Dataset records

++++

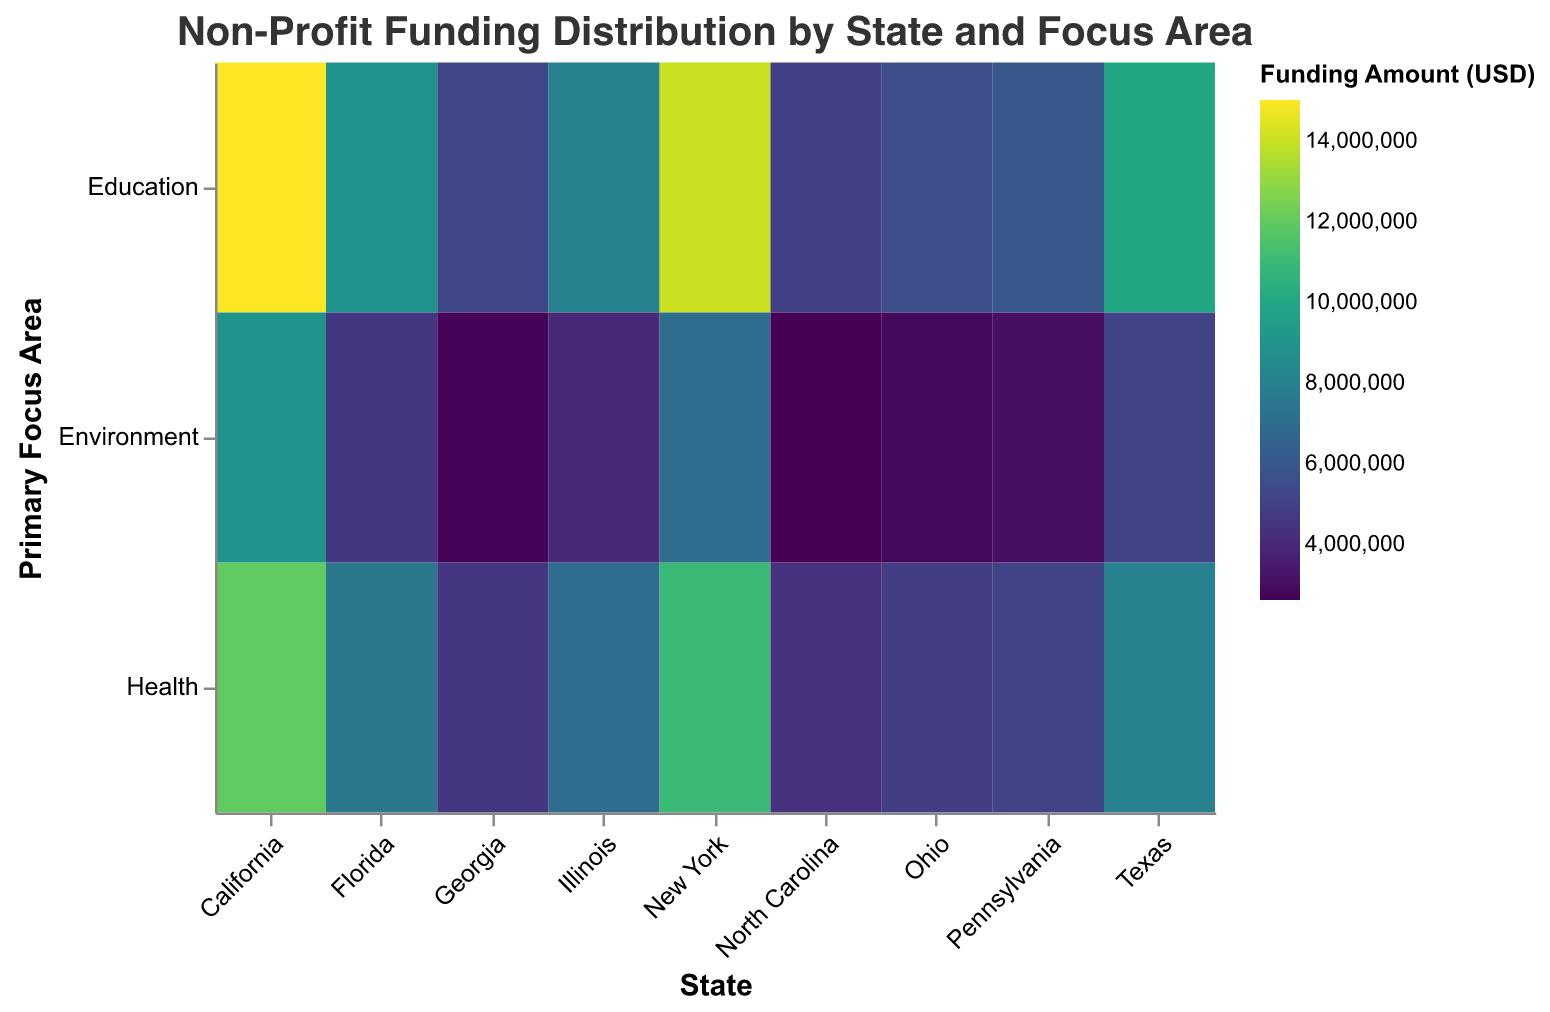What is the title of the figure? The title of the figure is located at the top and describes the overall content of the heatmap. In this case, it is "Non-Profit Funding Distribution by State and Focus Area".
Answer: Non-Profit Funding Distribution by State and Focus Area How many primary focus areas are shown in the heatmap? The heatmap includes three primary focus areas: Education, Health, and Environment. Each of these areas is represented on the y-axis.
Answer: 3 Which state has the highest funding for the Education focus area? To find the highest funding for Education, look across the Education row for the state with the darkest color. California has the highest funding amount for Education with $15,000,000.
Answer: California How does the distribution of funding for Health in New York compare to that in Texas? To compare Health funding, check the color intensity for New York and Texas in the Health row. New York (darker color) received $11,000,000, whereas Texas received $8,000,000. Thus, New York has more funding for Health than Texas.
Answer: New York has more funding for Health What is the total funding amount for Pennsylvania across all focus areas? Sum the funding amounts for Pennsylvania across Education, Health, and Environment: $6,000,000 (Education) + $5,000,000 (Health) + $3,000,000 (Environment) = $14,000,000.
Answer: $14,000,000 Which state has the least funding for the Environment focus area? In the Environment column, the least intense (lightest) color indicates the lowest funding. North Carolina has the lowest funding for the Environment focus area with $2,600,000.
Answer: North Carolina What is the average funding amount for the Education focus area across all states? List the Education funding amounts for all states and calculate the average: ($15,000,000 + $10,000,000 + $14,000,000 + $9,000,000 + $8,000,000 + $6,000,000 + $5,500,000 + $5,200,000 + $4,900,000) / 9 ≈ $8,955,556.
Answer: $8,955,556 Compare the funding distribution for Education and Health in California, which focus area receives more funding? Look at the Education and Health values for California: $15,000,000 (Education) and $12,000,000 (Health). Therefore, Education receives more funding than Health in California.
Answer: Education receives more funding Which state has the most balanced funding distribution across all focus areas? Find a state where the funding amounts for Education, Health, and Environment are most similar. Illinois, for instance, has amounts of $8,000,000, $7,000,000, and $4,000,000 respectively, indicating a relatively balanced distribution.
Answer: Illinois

++++

What you have to do —
Reproduce only the lines from the first line of the entries through the line containing "Answer: New York", exactly and with both ends kept. Omit the pictures.

Response to this task —
What is the title of the figure? The title of the figure is located at the top and describes the overall content of the heatmap. In this case, it is "Non-Profit Funding Distribution by State and Focus Area".
Answer: Non-Profit Funding Distribution by State and Focus Area How many primary focus areas are shown in the heatmap? The heatmap includes three primary focus areas: Education, Health, and Environment. Each of these areas is represented on the y-axis.
Answer: 3 Which state has the highest funding for the Education focus area? To find the highest funding for Education, look across the Education row for the state with the darkest color. California has the highest funding amount for Education with $15,000,000.
Answer: California How does the distribution of funding for Health in New York compare to that in Texas? To compare Health funding, check the color intensity for New York and Texas in the Health row. New York (darker color) received $11,000,000, whereas Texas received $8,000,000. Thus, New York has more funding for Health than Texas.
Answer: New York has more funding for Health What is the total funding amount for Pennsylvania across all focus areas? Sum the funding amounts for Pennsylvania across Education, Health, and Environment: $6,000,000 (Education) + $5,000,000 (Health) + $3,000,000 (Environment) = $14,000,000.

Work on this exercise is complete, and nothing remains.